I smiled and said ‘good morning’ in my best Spanish, and only the men replied, some removing their hats and bowing slightly. Taking my cue, I also bowed and that seemed to go down quite well. Then I rummaged around the back seat to find the large plastic bag full of brightly wrapped candies I usually carry when I travel South. Grabbing a handful I offered them to the children.
Hesitantly, the children looked up to the adults and after receiving some sort of silent approval, rushed forward to form an even smaller semicircle close to the car. At first they were very shy and wouldn’t look at me directly. But as I placed the candies in each little hand the child would smile deeply into my eyes, say, “Gracias, señor,” and for some inexplicable reason, hop once in the air before rushing back to their place in the crowd.
By that time all of the people were beginning to smile and talk quietly among themselves. But still they kept their distance. Then a large dusty bus bounced off the highway and stopped a short distance away. All at once the silence was broken.

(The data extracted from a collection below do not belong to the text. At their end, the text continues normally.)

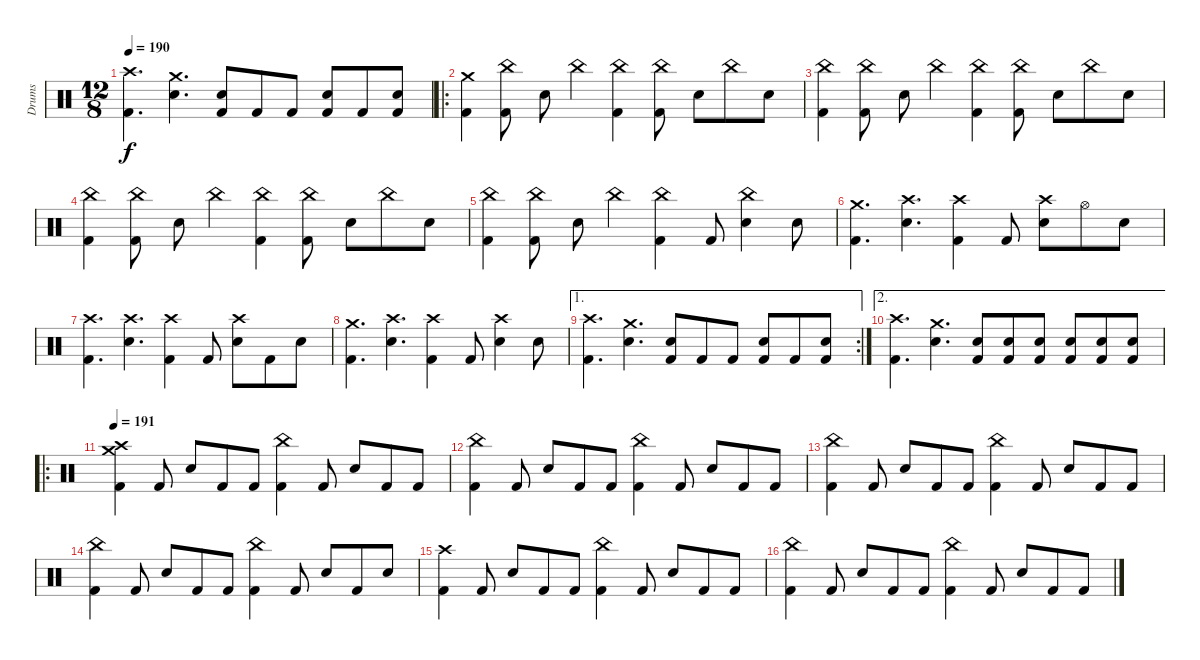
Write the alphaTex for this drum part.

\track ("Drums" "Drums") {instrument percussion}
\staff {score}
\articulation defaults
\ts (12 8)
\tempo 190
\clef neutral
\ks c
("Crash high (hit)" "Kick (hit) 2").4{d dy f} ("Crash medium (hit)" "Electric Snare (hit)").4{d} ("Electric Snare (hit)" "Kick (hit) 2").8 "Kick (hit) 2".8 "Kick (hit) 2".8 ("Electric Snare (hit)" "Kick (hit) 2").8 "Kick (hit) 2".8 ("Electric Snare (hit)" "Kick (hit) 2").8 |
\ro
("Crash medium (hit)" "Kick (hit) 2").4 ("China (hit)" "Kick (hit) 2").8 "Electric Snare (hit)".8 "China (hit)".4 ("China (hit)" "Kick (hit) 2").4 ("China (hit)" "Kick (hit) 2").8 "Electric Snare (hit)".8 "China (hit)".8 "Electric Snare (hit)".8 |
("China (hit)" "Kick (hit) 2").4 ("China (hit)" "Kick (hit) 2").8 "Electric Snare (hit)".8 "China (hit)".4 ("China (hit)" "Kick (hit) 2").4 ("China (hit)" "Kick (hit) 2").8 "Electric Snare (hit)".8 "China (hit)".8 "Electric Snare (hit)".8 |
("China (hit)" "Kick (hit) 2").4 ("China (hit)" "Kick (hit) 2").8 "Electric Snare (hit)".8 "China (hit)".4 ("China (hit)" "Kick (hit) 2").4 ("China (hit)" "Kick (hit) 2").8 "Electric Snare (hit)".8 "China (hit)".8 "Electric Snare (hit)".8 |
("China (hit)" "Kick (hit) 2").4 ("China (hit)" "Kick (hit) 2").8 "Electric Snare (hit)".8 "China (hit)".4 ("China (hit)" "Kick (hit) 2").4 "Kick (hit) 2".8 ("China (hit)" "Electric Snare (hit)").4 "Electric Snare (hit)".8 |
("Crash medium (hit)" "Kick (hit) 2").4{d} ("Crash high (hit)" "Electric Snare (hit)").4{d} ("Crash high (hit)" "Kick (hit) 2").4 "Kick (hit) 2".8 ("Crash high (hit)" "Electric Snare (hit)").8 "Hi-Hat (open)".8 "Electric Snare (hit)".8 |
("Crash high (hit)" "Kick (hit) 2").4{d} ("Crash high (hit)" "Electric Snare (hit)").4{d} ("Crash high (hit)" "Kick (hit) 2").4 "Kick (hit) 2".8 ("Crash high (hit)" "Electric Snare (hit)").8 "Kick (hit) 2".8 "Electric Snare (hit)".8 |
("Crash medium (hit)" "Kick (hit) 2").4{d} ("Crash high (hit)" "Electric Snare (hit)").4{d} ("Crash high (hit)" "Kick (hit) 2").4 "Kick (hit) 2".8 ("Crash high (hit)" "Electric Snare (hit)").4 "Electric Snare (hit)".8 |
\ae 1
\rc 2
("Crash high (hit)" "Kick (hit) 2").4{d} ("Crash medium (hit)" "Electric Snare (hit)").4{d} ("Electric Snare (hit)" "Kick (hit) 2").8 "Kick (hit) 2".8 "Kick (hit) 2".8 ("Electric Snare (hit)" "Kick (hit) 2").8 "Kick (hit) 2".8 ("Electric Snare (hit)" "Kick (hit) 2").8 |
\ae 2
("Crash high (hit)" "Kick (hit) 2").4{d} ("Crash medium (hit)" "Electric Snare (hit)").4{d} ("Electric Snare (hit)" "Kick (hit) 2").8 ("Electric Snare (hit)" "Kick (hit) 2").8 ("Electric Snare (hit)" "Kick (hit) 2").8 ("Electric Snare (hit)" "Kick (hit) 2").8 ("Electric Snare (hit)" "Kick (hit) 2").8 ("Electric Snare (hit)" "Kick (hit) 2").8 |
\ro
\tempo 191
("Crash medium (hit)" "Crash high (hit)" "Kick (hit) 2").4 "Kick (hit) 2".8 "Electric Snare (hit)".8 "Kick (hit) 2".8 "Kick (hit) 2".8 ("China (hit)" "Kick (hit) 2").4 "Kick (hit) 2".8 "Electric Snare (hit)".8 "Kick (hit) 2".8 "Kick (hit) 2".8 |
("China (hit)" "Kick (hit) 2").4 "Kick (hit) 2".8 "Electric Snare (hit)".8 "Kick (hit) 2".8 "Kick (hit) 2".8 ("China (hit)" "Kick (hit) 2").4 "Kick (hit) 2".8 "Electric Snare (hit)".8 "Kick (hit) 2".8 "Kick (hit) 2".8 |
("China (hit)" "Kick (hit) 2").4 "Kick (hit) 2".8 "Electric Snare (hit)".8 "Kick (hit) 2".8 "Kick (hit) 2".8 ("China (hit)" "Kick (hit) 2").4 "Kick (hit) 2".8 "Electric Snare (hit)".8 "Kick (hit) 2".8 "Kick (hit) 2".8 |
("China (hit)" "Kick (hit) 2").4 "Kick (hit) 2".8 "Electric Snare (hit)".8 "Kick (hit) 2".8 "Kick (hit) 2".8 ("China (hit)" "Kick (hit) 2").4 "Kick (hit) 2".8 "Electric Snare (hit)".8 "Kick (hit) 2".8 "Electric Snare (hit)".8 |
("Crash high (hit)" "Kick (hit) 2").4 "Kick (hit) 2".8 "Electric Snare (hit)".8 "Kick (hit) 2".8 "Kick (hit) 2".8 ("China (hit)" "Kick (hit) 2").4 "Kick (hit) 2".8 "Electric Snare (hit)".8 "Kick (hit) 2".8 "Kick (hit) 2".8 |
("China (hit)" "Kick (hit) 2").4 "Kick (hit) 2".8 "Electric Snare (hit)".8 "Kick (hit) 2".8 "Kick (hit) 2".8 ("China (hit)" "Kick (hit) 2").4 "Kick (hit) 2".8 "Electric Snare (hit)".8 "Kick (hit) 2".8 "Kick (hit) 2".8

And in what appeared to be a synchronized flurry of activity, baskets were heaved onto heads, small children lifted onto hips and every member of the group gave me a big smile and shouted their blessings for a safe journey before boarding the bus. Then they were gone.
Standing there in the cool morning air I looked around and around, and all I could see was flat empty desert stretching to distant pink-hued mountains. To this day I have no idea of where those forty or so people came from or where the were going.